As the crackdown on Baghdad assassinations showed, events can only deteriorate so far before the Iraqi government will act. The government has unacceptable "red lines" for general destabilization that are broadly understood by militant groups. For example, in response to closed-door meetings with government representatives, Sadr has stepped back from his threat to mobilize his militia; Sadrists, meanwhile, have scrupulously avoided taking actions that would trigger a government offensive, such as openly carrying weapons at their parades or mounting armed patrols within their strongholds. In places such as Basra, local political pressure and operations by Iraqi security forces have curtailed armed resistance against U.S. targets, such as the heavy rocketing of the U.S. base at the airport.
Likewise, although the violent jockeying within sectarian factions has increased, the government has been sure to take steps to prevent any widespread conflict between sectarian communities in Baghdad and other trouble spots. In other words, there appear to be definite limits to how far security can deteriorate in Iraq. The flip side, however, is that there are probably equally definite limits concerning how much better things can get in the coming years.
For a while, Iraq will be stuck on this plateau: a moderate level of insecurity in which the country suffers somewhere between 300 and 500 insurgent attacks per month, including around two dozen attempted mass-casualty attacks.
A formal extension of the U.S. military presence will not shorten this period of moderate insecurity. Today, most Iraqis do not interact with U.S. forces, and the U.S. military is no longer the glue holding together many ISF divisions and brigades. Indeed, there is little that a formally extended U.S. presence on Iraq's streets could achieve at this point. An extension would also prove contentious: Iraq's highly fragmented parliament and an equally uncertain public may not be ready to debate and approve a formal security agreement that would modify the December 31, 2011 departure date for U.S. military units.

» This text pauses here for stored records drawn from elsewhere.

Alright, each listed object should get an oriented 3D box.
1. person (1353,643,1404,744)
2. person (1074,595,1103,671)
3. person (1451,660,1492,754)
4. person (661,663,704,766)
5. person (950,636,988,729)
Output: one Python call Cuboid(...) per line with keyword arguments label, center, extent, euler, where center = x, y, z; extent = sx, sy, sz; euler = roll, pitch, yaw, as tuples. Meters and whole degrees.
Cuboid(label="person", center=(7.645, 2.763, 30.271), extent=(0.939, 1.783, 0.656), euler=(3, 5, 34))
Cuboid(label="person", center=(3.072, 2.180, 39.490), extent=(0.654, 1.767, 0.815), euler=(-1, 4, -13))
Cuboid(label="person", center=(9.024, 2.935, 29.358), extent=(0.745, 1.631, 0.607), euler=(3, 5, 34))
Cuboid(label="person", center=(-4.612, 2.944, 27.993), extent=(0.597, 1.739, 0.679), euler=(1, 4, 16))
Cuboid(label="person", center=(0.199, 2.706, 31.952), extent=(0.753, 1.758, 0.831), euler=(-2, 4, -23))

Behind the scenes, the U.S. mission in Iraq can still achieve a great deal. Iraqi politicians seem ready to approve a less formal memorandum between the Iraqi Ministry of Defense and the U.S. Department of Defense that would allow the United States to rotate additional military training teams through Iraq.
Using such mechanisms, Washington should make sure that the U.S. Office of Security Cooperation in Iraq monitors and shapes Iraqi military efforts to maintain or build support within all-important Sunni Arab communities (for example, to complete the population-focused counterinsurgency campaign begun by the United States). Insurgent groups will be severely challenged by the loss of their arch-nemesis and raison d'etre: the U.S. military. They are already shifting their rhetoric to build up the case for long-term resistance against the Iraqi government, portraying federal military and police units as either Shiite-led pro-Iranian stooges or Kurdish-led proxies intent on dismembering Iraq and evicting Arabs from their homes.

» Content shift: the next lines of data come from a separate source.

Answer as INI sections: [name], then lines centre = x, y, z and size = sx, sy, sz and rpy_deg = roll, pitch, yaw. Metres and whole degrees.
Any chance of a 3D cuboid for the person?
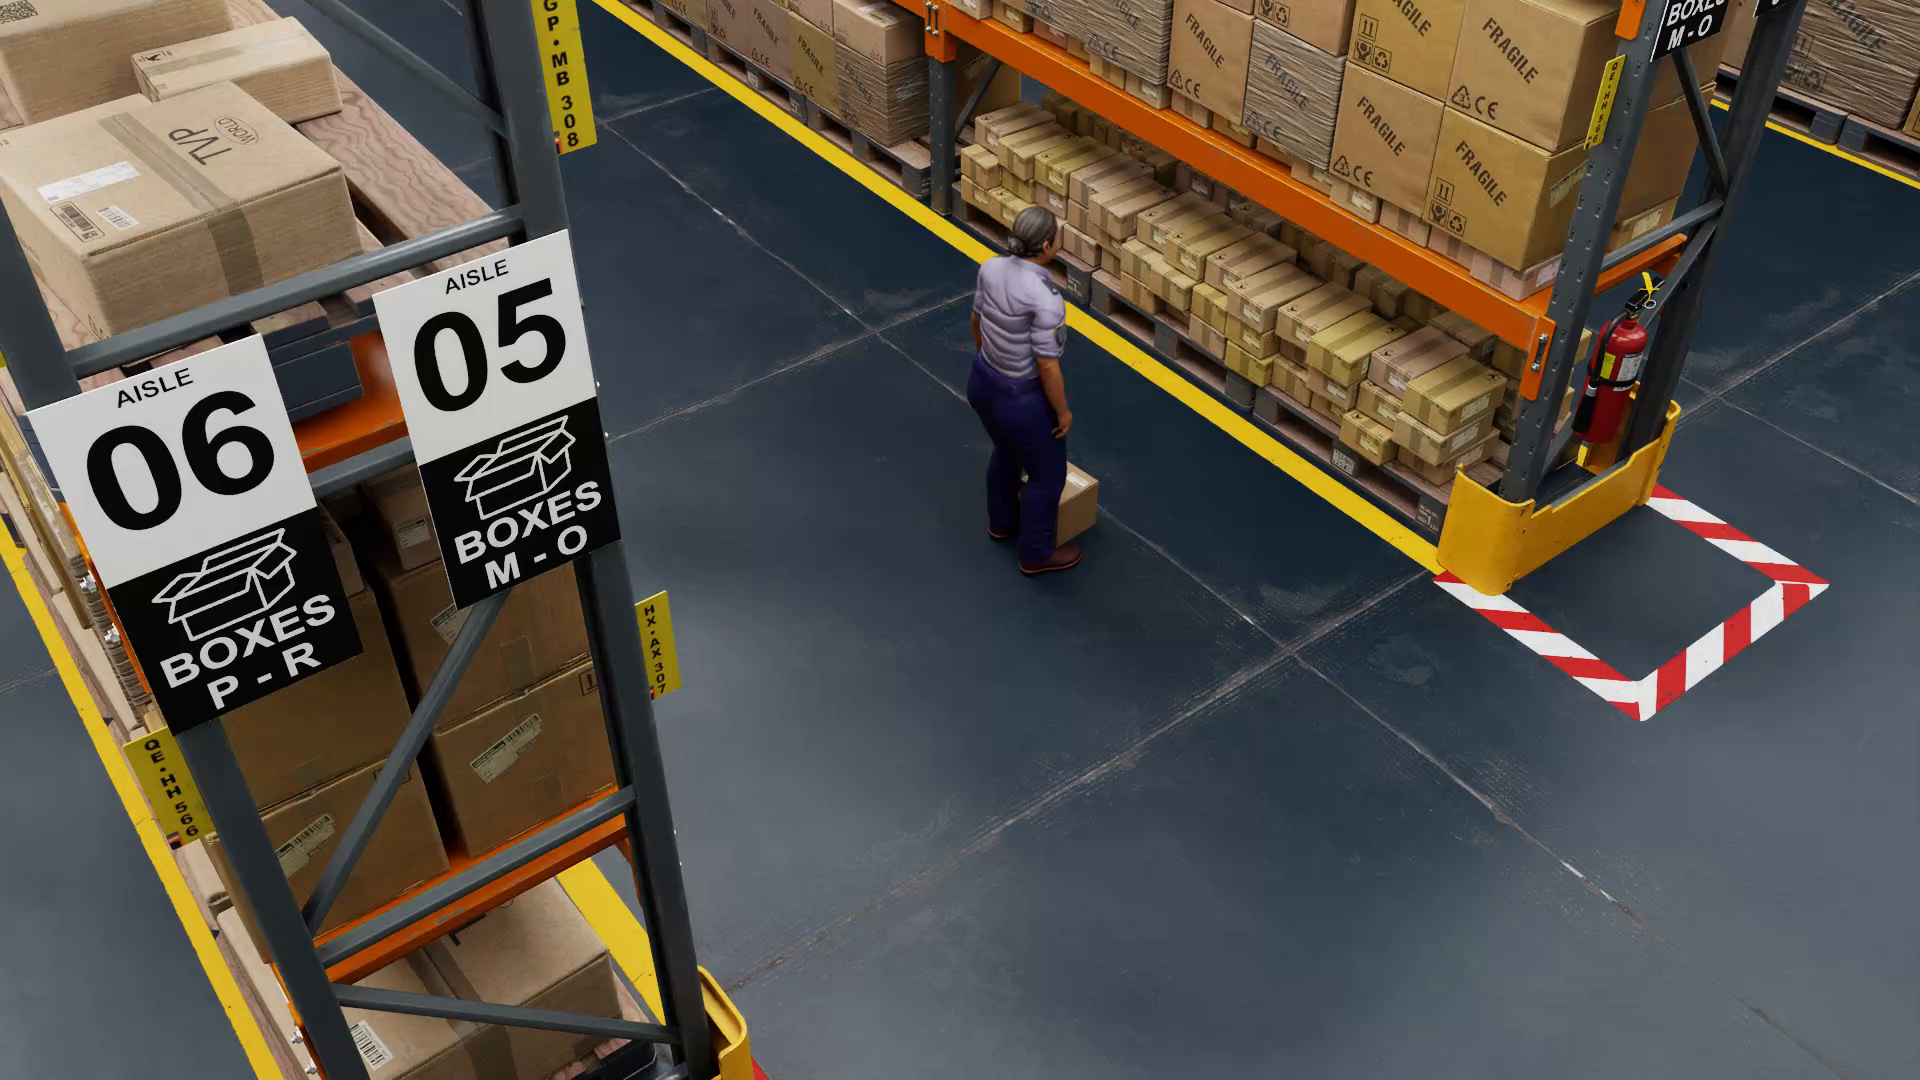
[person]
centre = 0.272, -0.610, 6.886
size = 0.413, 1.638, 0.541
rpy_deg = -26, 47, -28

Finally, insurgent movements such as AQI and JRTN (plus Shia equivalents such as Kataib Hezbollah) seek to perpetuate violence by turning militancy into an industry, paying Iraqis to launch attacks long after any ideological motives have disappeared. The sustained presence of U.S. intelligence and special forces targeting the small leadership cadres of these movements will continue to be one of the most prized and effective forms of security cooperation between the two countries, providing one means of keeping violence in Iraq as low as possible in the coming years.
Michael Knights is a Lafer fellow with The Washington Institute.